As you can see, the function tends from the right towards $\infty$ and from the left towards $- \infty$ As the two values are therefore not equal, the function has no limit at the point $x=0$

My question, can I prove it this way, or is there a way to prove it more precisely mathematically?

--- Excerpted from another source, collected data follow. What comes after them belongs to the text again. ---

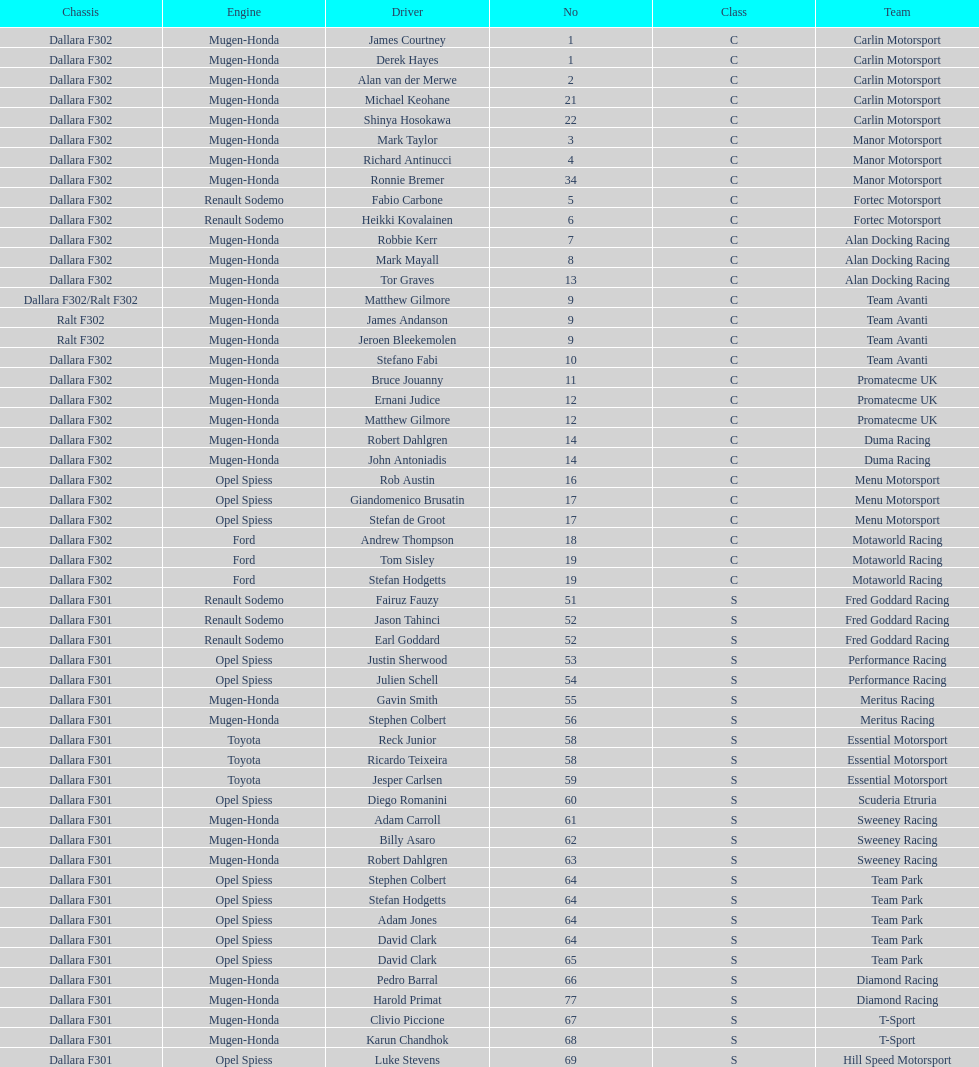What is the average number of teams that had a mugen-honda engine? 24. 
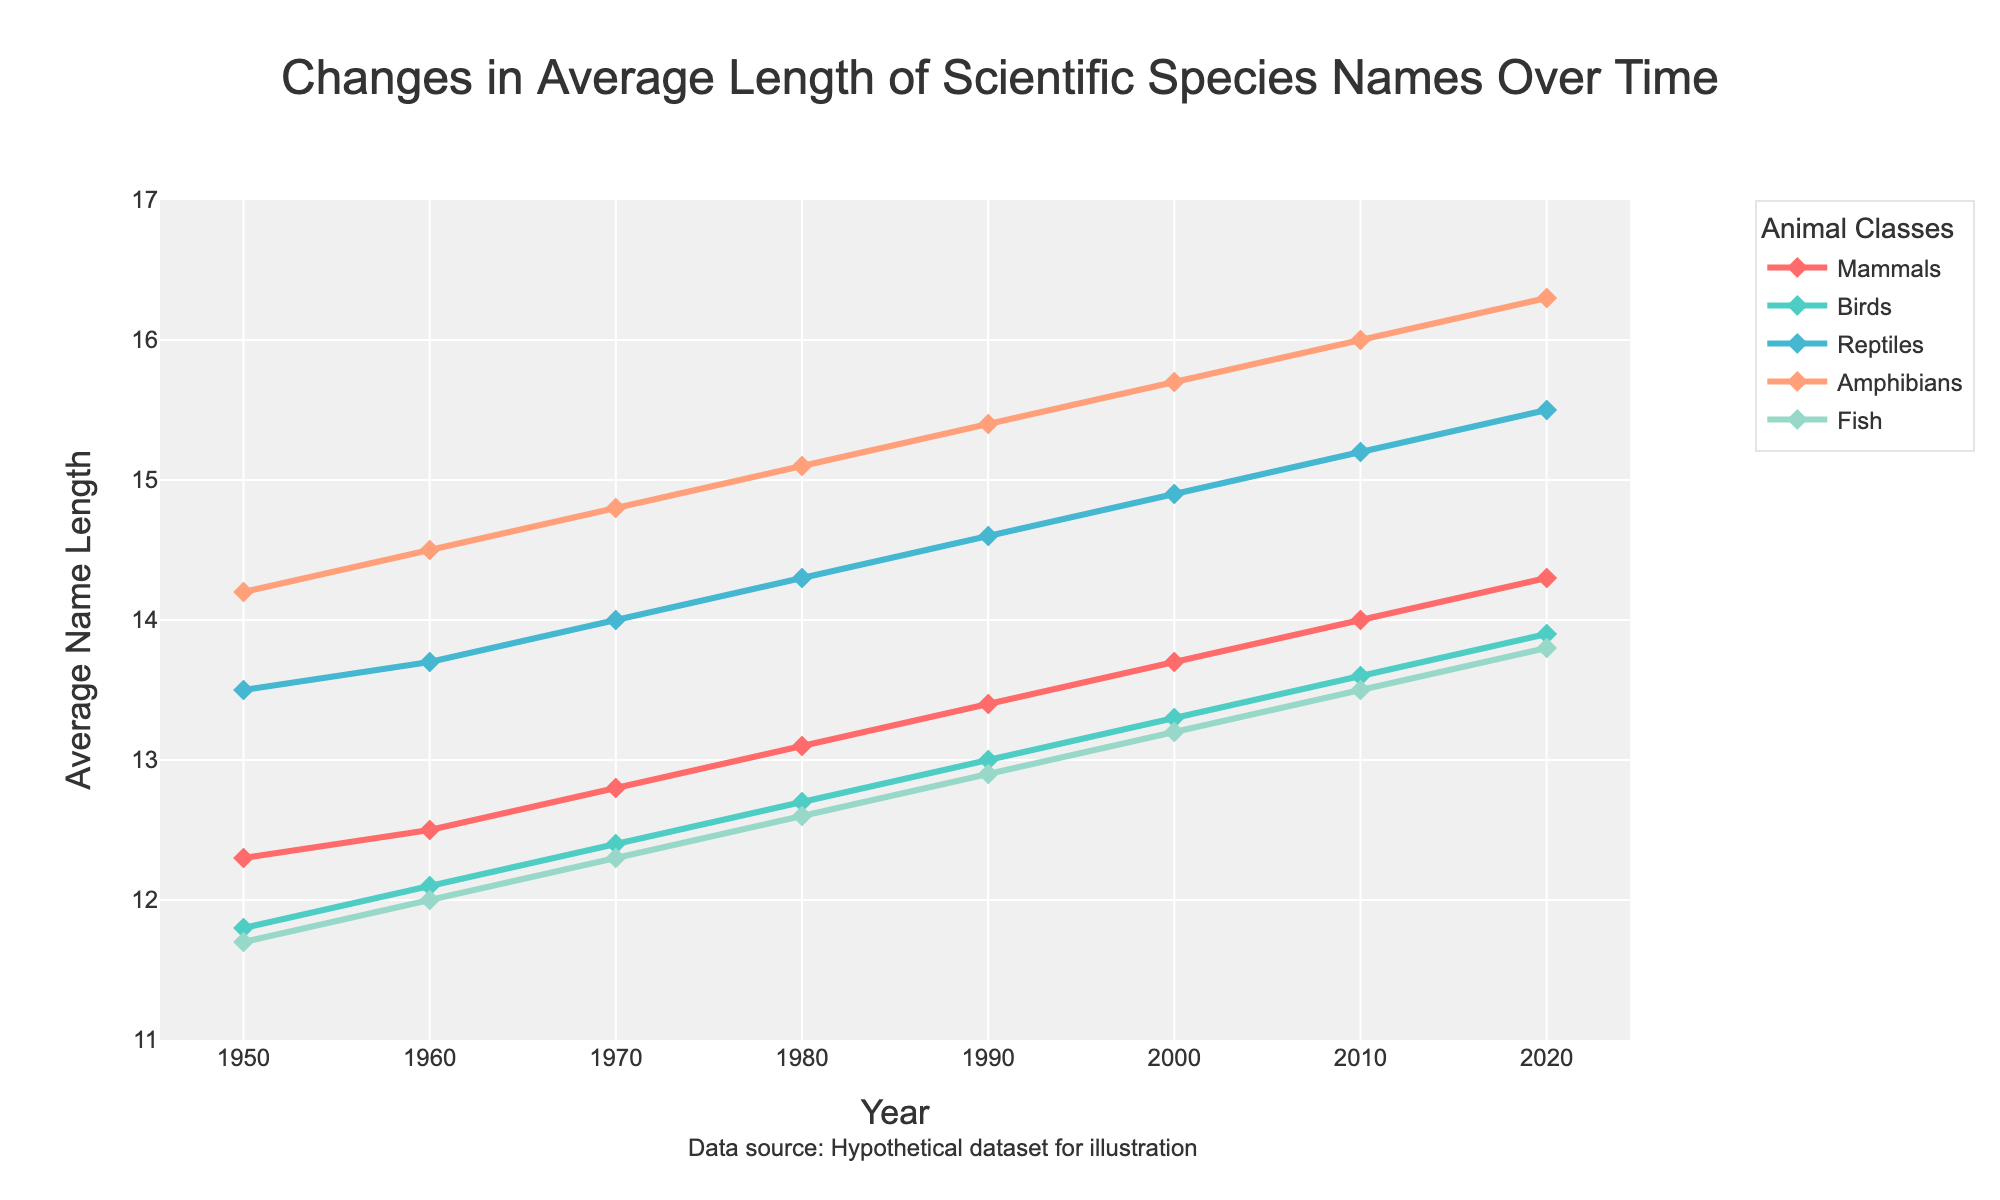Which animal class had the longest average scientific name length in 1950? Check the data point for 1950 across all animal classes. Amphibians have the longest average name length at 14.2.
Answer: Amphibians What is the difference in the average scientific name length of Mammals between 1950 and 2020? Subtract the average name length of Mammals in 1950 (12.3) from that in 2020 (14.3). Calculation: 14.3 - 12.3 = 2.0
Answer: 2.0 Between which two years did Birds show the most significant increase in average name length? Compare the increase in average name length for Birds year over year. The greatest increase is between 2010 and 2020, where it goes from 13.6 to 13.9.
Answer: 2010 and 2020 What is the trend for the average scientific name length of Fish from 1950 to 2020? Observe the line for Fish from 1950 to 2020. It shows a consistent upward trend.
Answer: Upward trend In 1980, which animal class had the shortest average scientific name length? Check the data point for 1980 across all animal classes. Fish has the shortest average name length at 12.6.
Answer: Fish What is the average scientific name length for Reptiles in 2000? Identify the data point for Reptiles in 2000, which is 14.9.
Answer: 14.9 Which animal class showed the steepest increase in average scientific name length between 1950 and 2020? Calculate the total increase for each class from 1950 to 2020: Mammals (14.3 - 12.3 = 2.0), Birds (13.9 - 11.8 = 2.1), Reptiles (15.5 - 13.5 = 2.0), Amphibians (16.3 - 14.2 = 2.1), Fish (13.8 - 11.7 = 2.1). Birds, Amphibians, and Fish all increase by 2.1.
Answer: Birds, Amphibians, Fish Which animal class had the largest average name length difference between 1990 and 2000? Calculate the difference for each class: Mammals (13.7 - 13.4 = 0.3), Birds (13.3 - 13.0 = 0.3), Reptiles (14.9 - 14.6 = 0.3), Amphibians (15.7 - 15.4 = 0.3), Fish (13.2 - 12.9 = 0.3). All show the same difference.
Answer: All equal (0.3) 
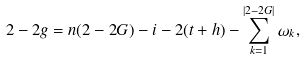<formula> <loc_0><loc_0><loc_500><loc_500>2 - 2 g = n ( 2 - 2 G ) - i - 2 ( t + h ) - \sum _ { k = 1 } ^ { | 2 - 2 G | } \omega _ { k } ,</formula>

If you're asked to prove that the limit exists or doesn't exist, calculating a table of values doesn't do the job. What you would need to do in this case is a sort of modified $\delta - \epsilon$ argument. In this case you would need to show that for any given (large number) M, there is a (small number) $\delta > 0$ such that whenever $|x - 0| < \delta$, where $x \ne 0$, then $|\frac{\cos(x)}{\sin(x)}| > M$. As a side note, $\frac{\cos(x)}{\sin(x)}= = \cot(x)$.

 

[WWGD]

Still, it seems you're working on the extended Reals, if $\mathbb R$ with the line on top *. Edit: Then the limit of infinity could exist.

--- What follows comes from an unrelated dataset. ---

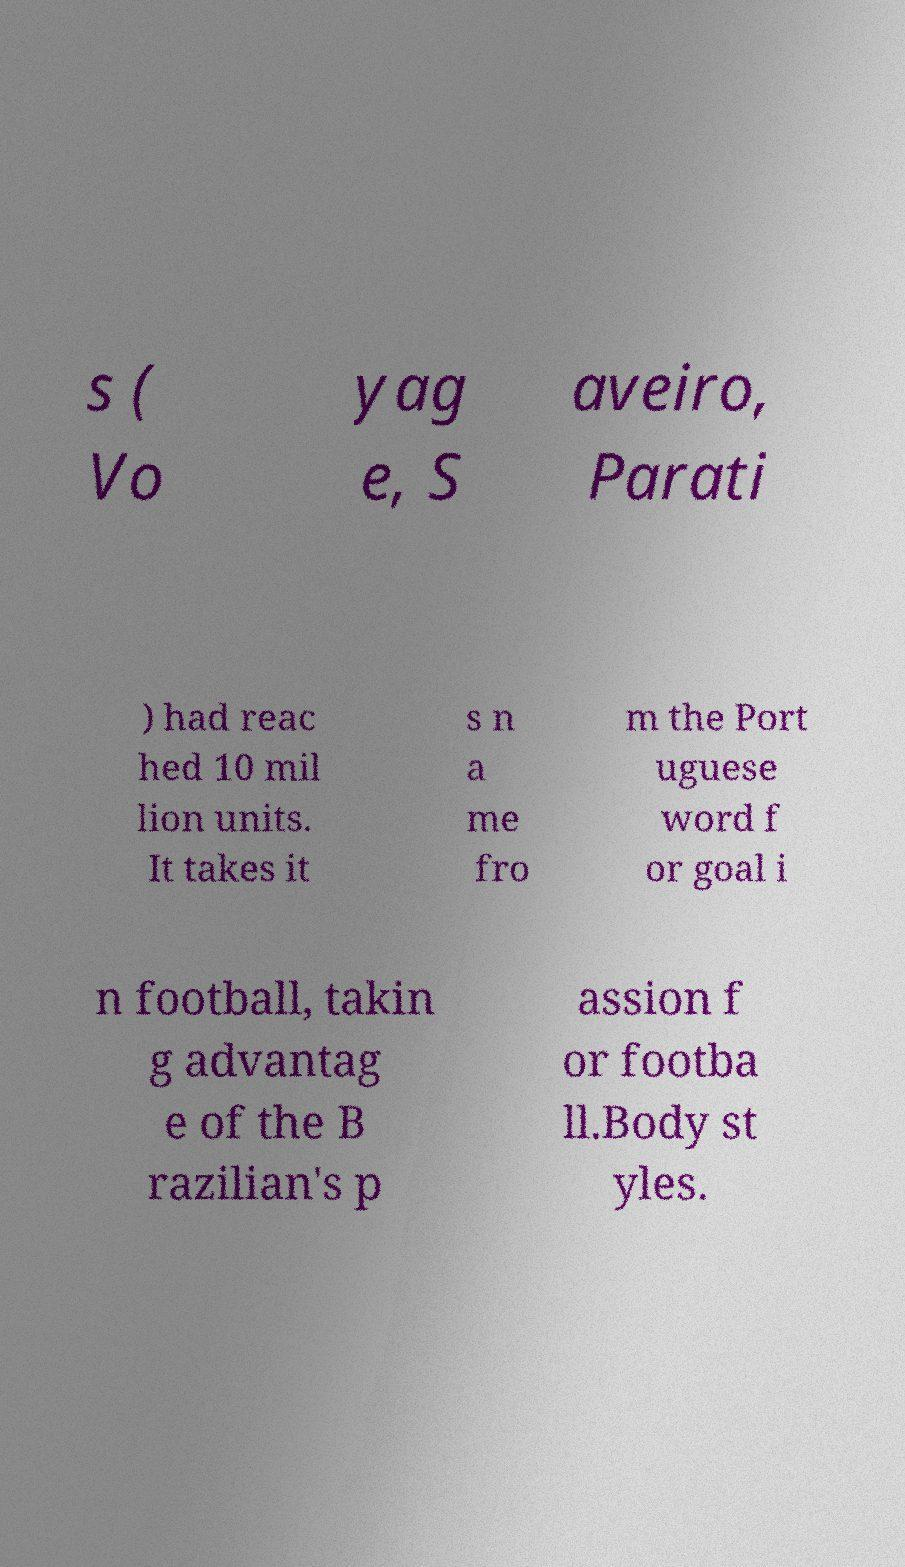What messages or text are displayed in this image? I need them in a readable, typed format. s ( Vo yag e, S aveiro, Parati ) had reac hed 10 mil lion units. It takes it s n a me fro m the Port uguese word f or goal i n football, takin g advantag e of the B razilian's p assion f or footba ll.Body st yles. 
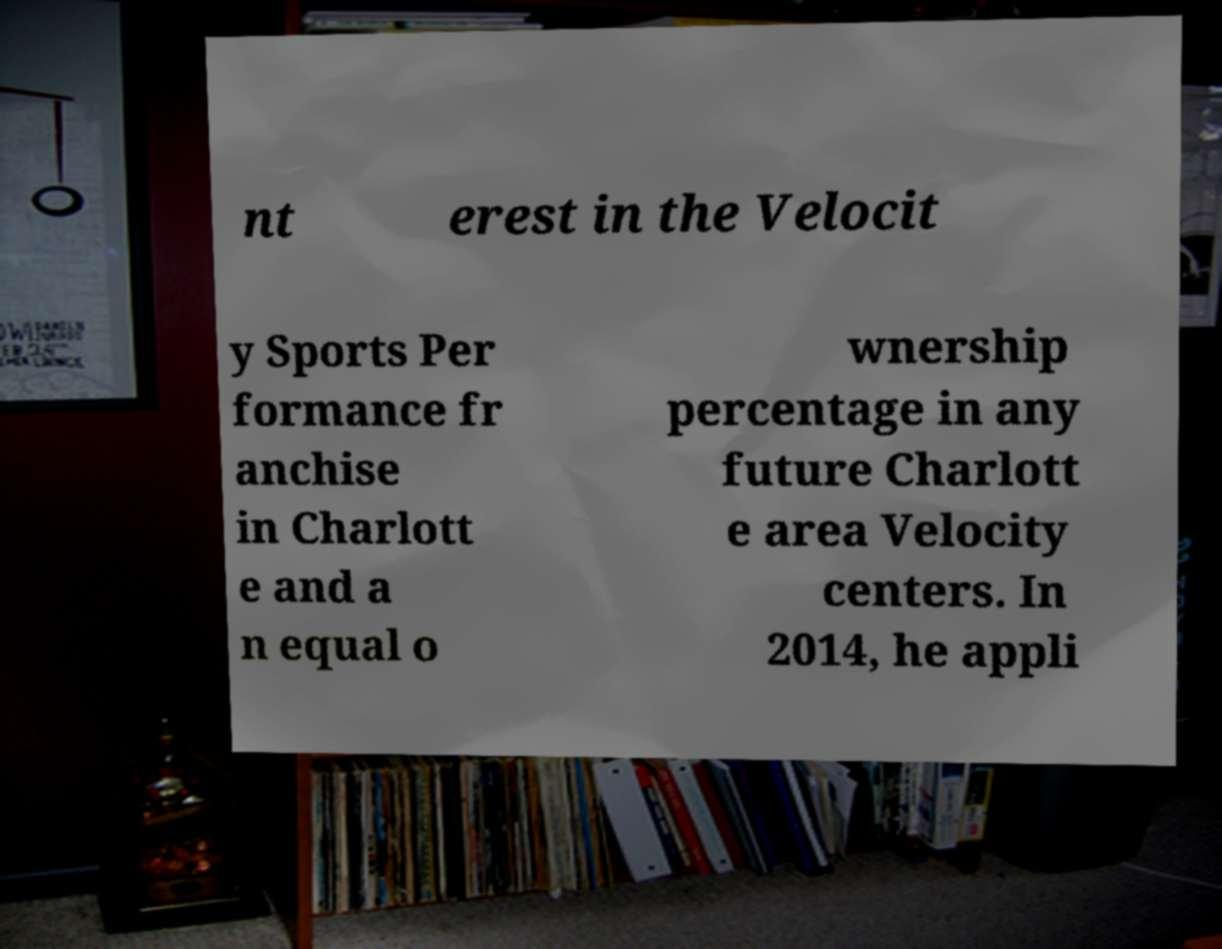Could you assist in decoding the text presented in this image and type it out clearly? nt erest in the Velocit y Sports Per formance fr anchise in Charlott e and a n equal o wnership percentage in any future Charlott e area Velocity centers. In 2014, he appli

*Sorry, don't know how to Latex it in.

 

[Orodruin]

Still, it seems you're working on the extended Reals, if $\mathbb R$ with the line on top *. Then the limit exists and it's infinity.

*Sorry, don't know how to Latex it in.

$\overline{\mathbb R}$

 

[Office_Shredder]

Still, it seems you're working on the extended Reals, if $\mathbb R$ with the line on top *. Then the limit exists and it's infinity.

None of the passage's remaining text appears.